Zeichenähnlichkeit: Zu vergleichen seien die Kunstworte „Medicon” und MediCo”. Die Frage der Ähnlichkeit beider gegenüberstehender Zeichen sei nach deren Ähnlichkeit im Klang, im Schriftbild oder in der Bedeutung zu beurteilen. Für die Bejahung der Zeichenähnlichkeit sei in der Regel bereits die Ähnlichkeit in einem dieser Wahrnehmungsbereiche ausreichend. Allerdings könne eine nach dem Bild und/oder nach dem Klang zu bejahende Verwechslungsgefahr ausnahmsweise zu verneinen sein, wenn zumindest einem der Zeichen ein klar erkennbarer eindeutiger Sinngehalt zukomme.

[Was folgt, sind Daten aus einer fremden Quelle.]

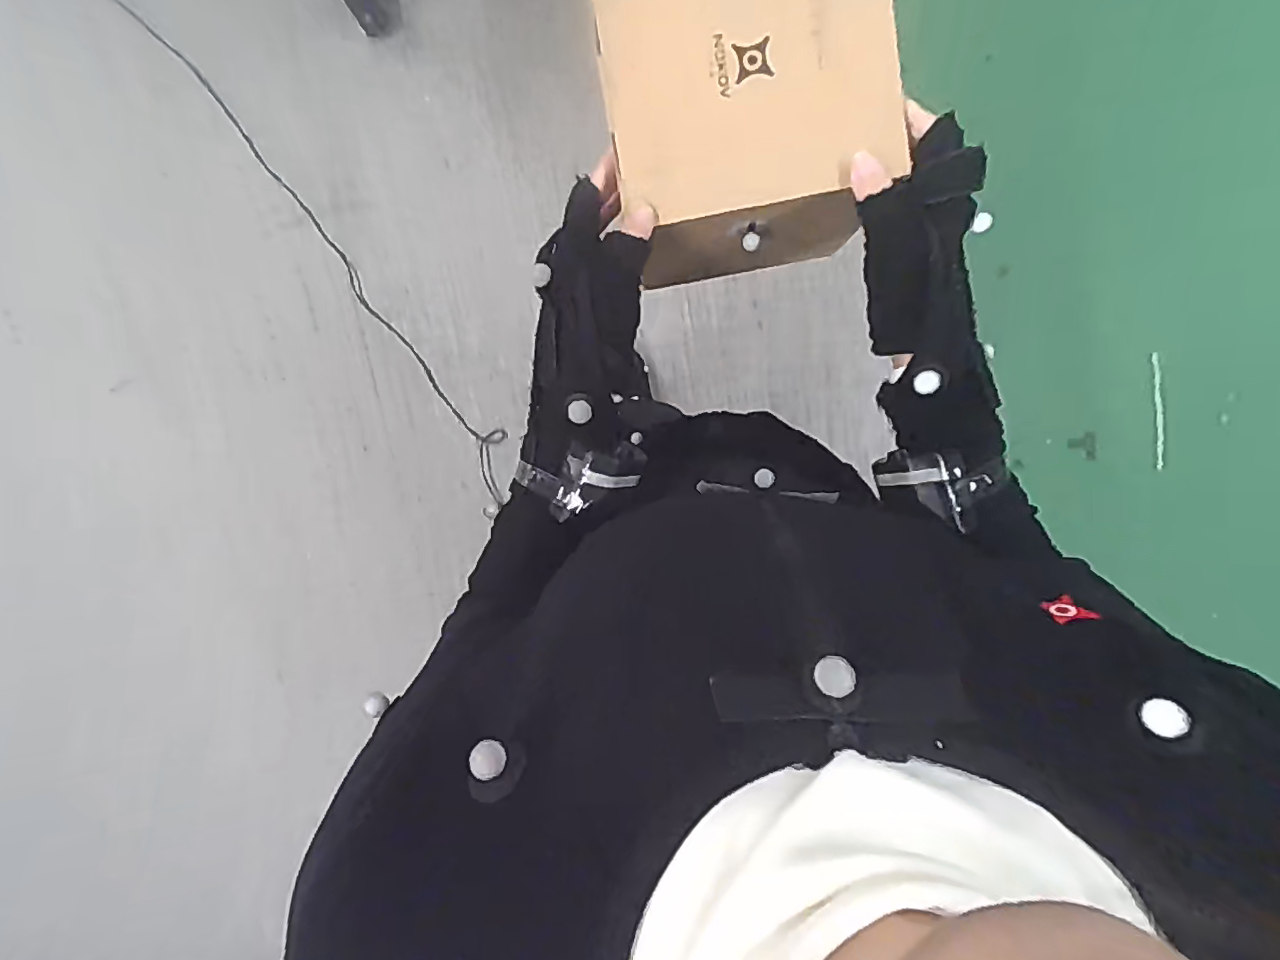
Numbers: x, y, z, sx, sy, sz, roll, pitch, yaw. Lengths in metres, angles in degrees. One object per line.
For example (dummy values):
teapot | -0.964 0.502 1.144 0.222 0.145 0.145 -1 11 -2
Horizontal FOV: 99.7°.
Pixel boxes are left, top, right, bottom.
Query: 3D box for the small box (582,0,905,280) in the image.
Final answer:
small box | 0.065 -0.260 0.399 0.179 0.176 0.168 -10 97 4
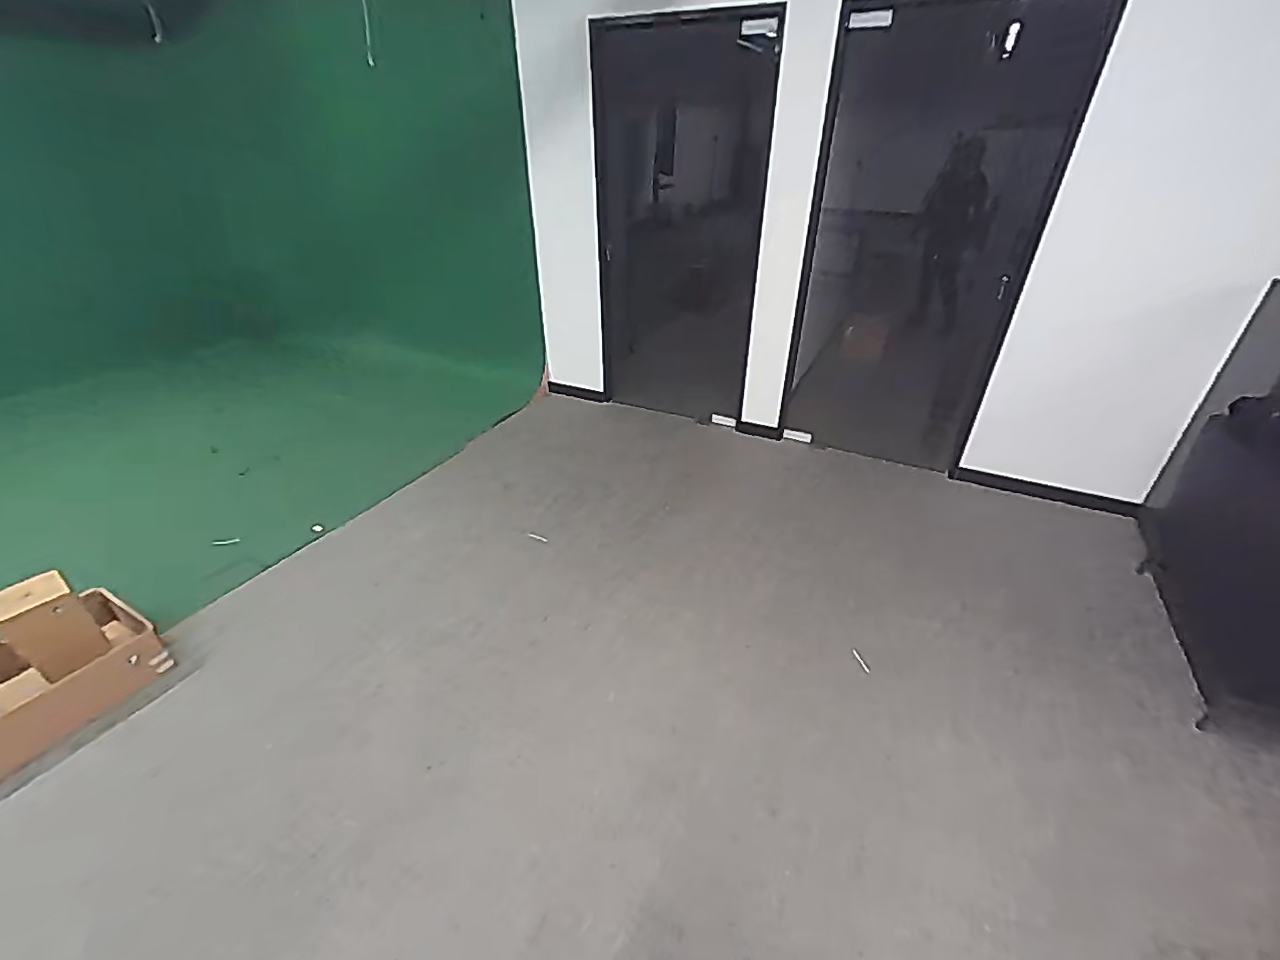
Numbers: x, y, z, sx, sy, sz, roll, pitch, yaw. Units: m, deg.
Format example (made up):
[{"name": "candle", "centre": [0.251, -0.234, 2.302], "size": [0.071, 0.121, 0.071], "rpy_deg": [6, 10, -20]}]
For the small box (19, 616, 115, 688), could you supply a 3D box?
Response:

Dies setze jedoch ein die Zeichen unterscheidenden, ohne weiteres erkennbaren, konkreten Begriffsinhalt voraus. Ein Sinngehalt, der sich erst nach analytischer Betrachtung ergebe, reiche nicht. Danach seien die Begriffe „Medicon” und „MediCo” zu vergleichen. Der Wortteil „Medi” sei trotz beschreibender Anklänge an die Begriffe „Medikamente” „Medizin” und „medizinisch” für die Dienstleistung eines Apothekers nicht glatt beschreibend.
Vorliegend sei eine schriftbildliche und eine klangliche Zeichenähnlichkeit gegeben, die nicht durch einen Unterschied im Sinngehalt aufgehoben werde. Vor diesem Hintergrund sei bei vorliegender schriftbildlicher und zumindest geringfügig klanglicher Ähnlichkeit der Streitzeichen von einer markenrechtlichen Verwechslungsgefahr auszugehen.